_Exercise directions:_
Only the lines from the one with "2D boxes in" through the last line of the data below are to be duplicated, exactly and without pictures.
==== Data for analysis ====
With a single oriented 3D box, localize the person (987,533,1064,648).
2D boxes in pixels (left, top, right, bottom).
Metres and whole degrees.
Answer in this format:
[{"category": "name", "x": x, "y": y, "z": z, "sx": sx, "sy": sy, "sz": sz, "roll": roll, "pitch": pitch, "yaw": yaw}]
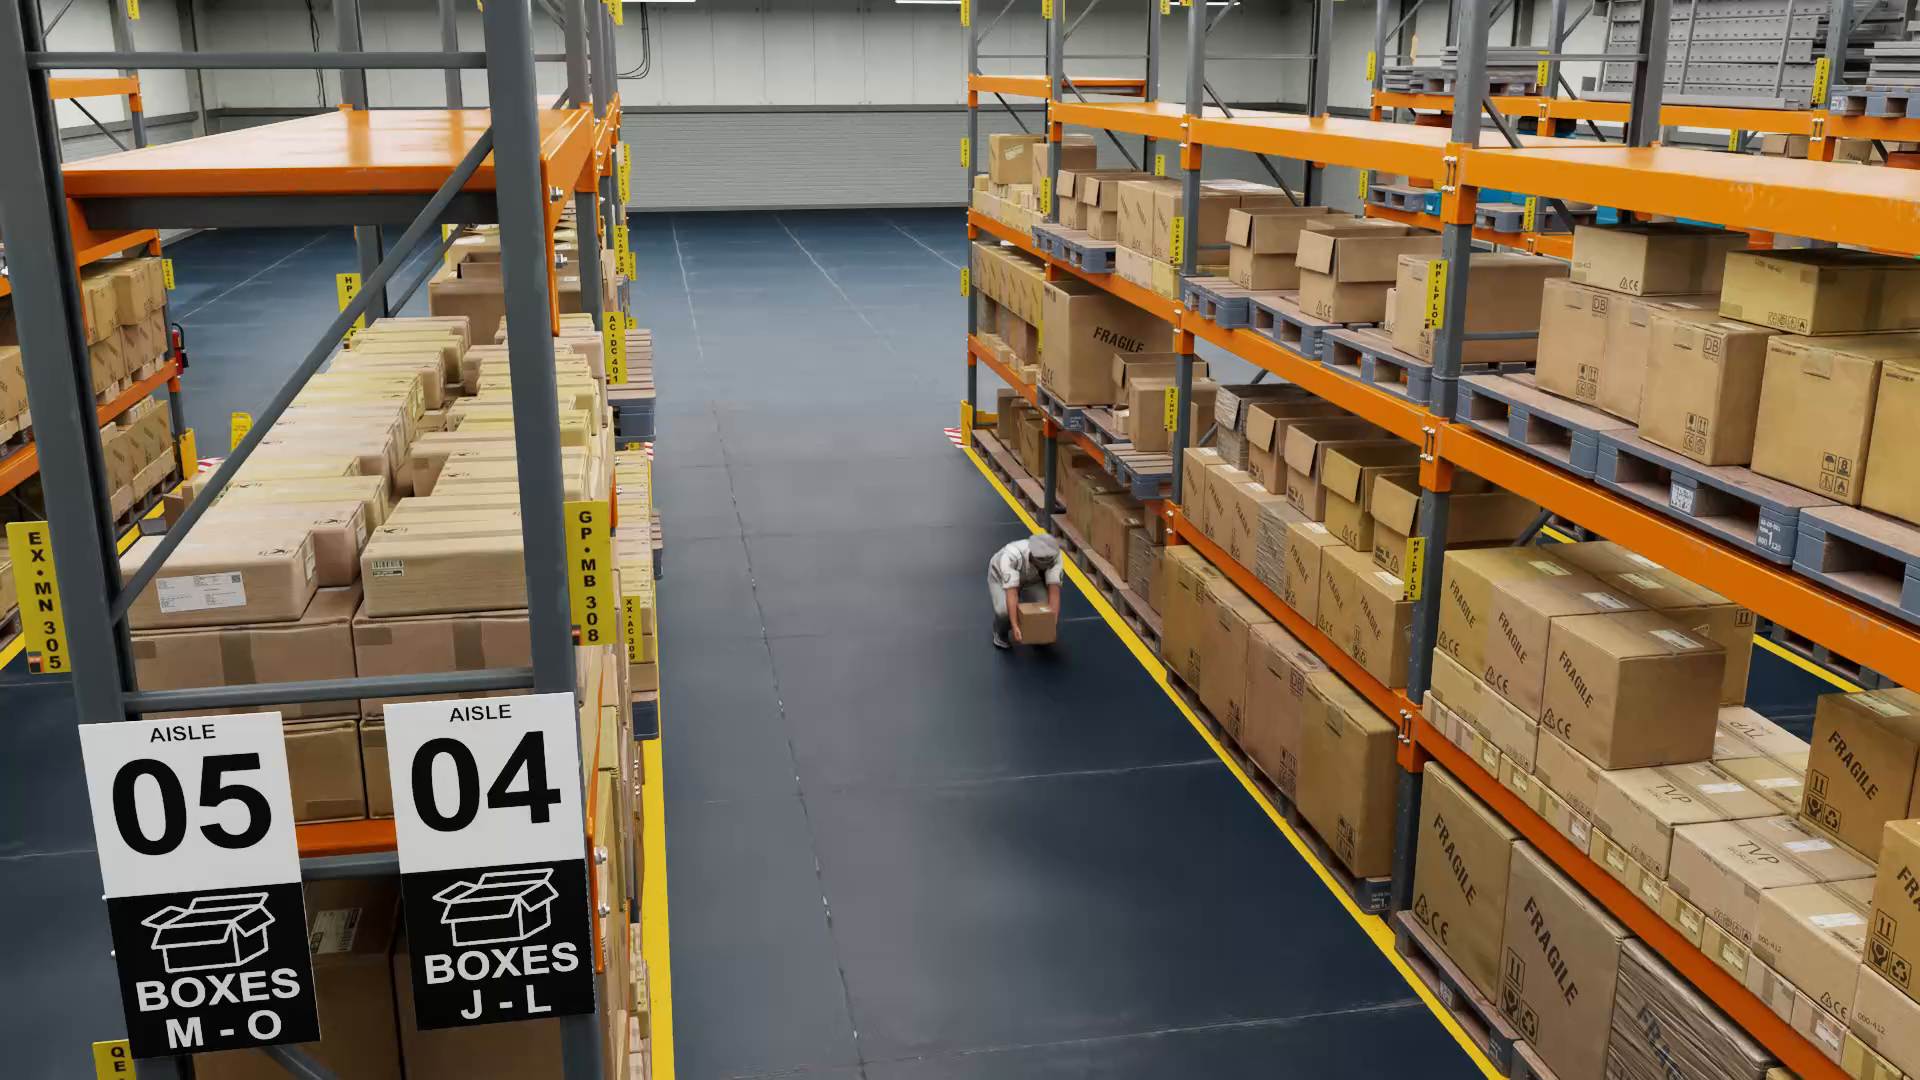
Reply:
[{"category": "person", "x": 0.517, "y": 0.369, "z": 13.086, "sx": 0.533, "sy": 1.022, "sz": 0.932, "roll": -3, "pitch": 17, "yaw": -12}]
====
_Exercise solution:_
2D boxes in pixels (left, top, right, bottom).
Metres and whole degrees.
Answer in this format:
[{"category": "name", "x": x, "y": y, "z": z, "sx": sx, "sy": sy, "sz": sz, "roll": roll, "pitch": pitch, "yaw": yaw}]
Reply:
[{"category": "person", "x": 0.517, "y": 0.369, "z": 13.086, "sx": 0.533, "sy": 1.022, "sz": 0.932, "roll": -3, "pitch": 17, "yaw": -12}]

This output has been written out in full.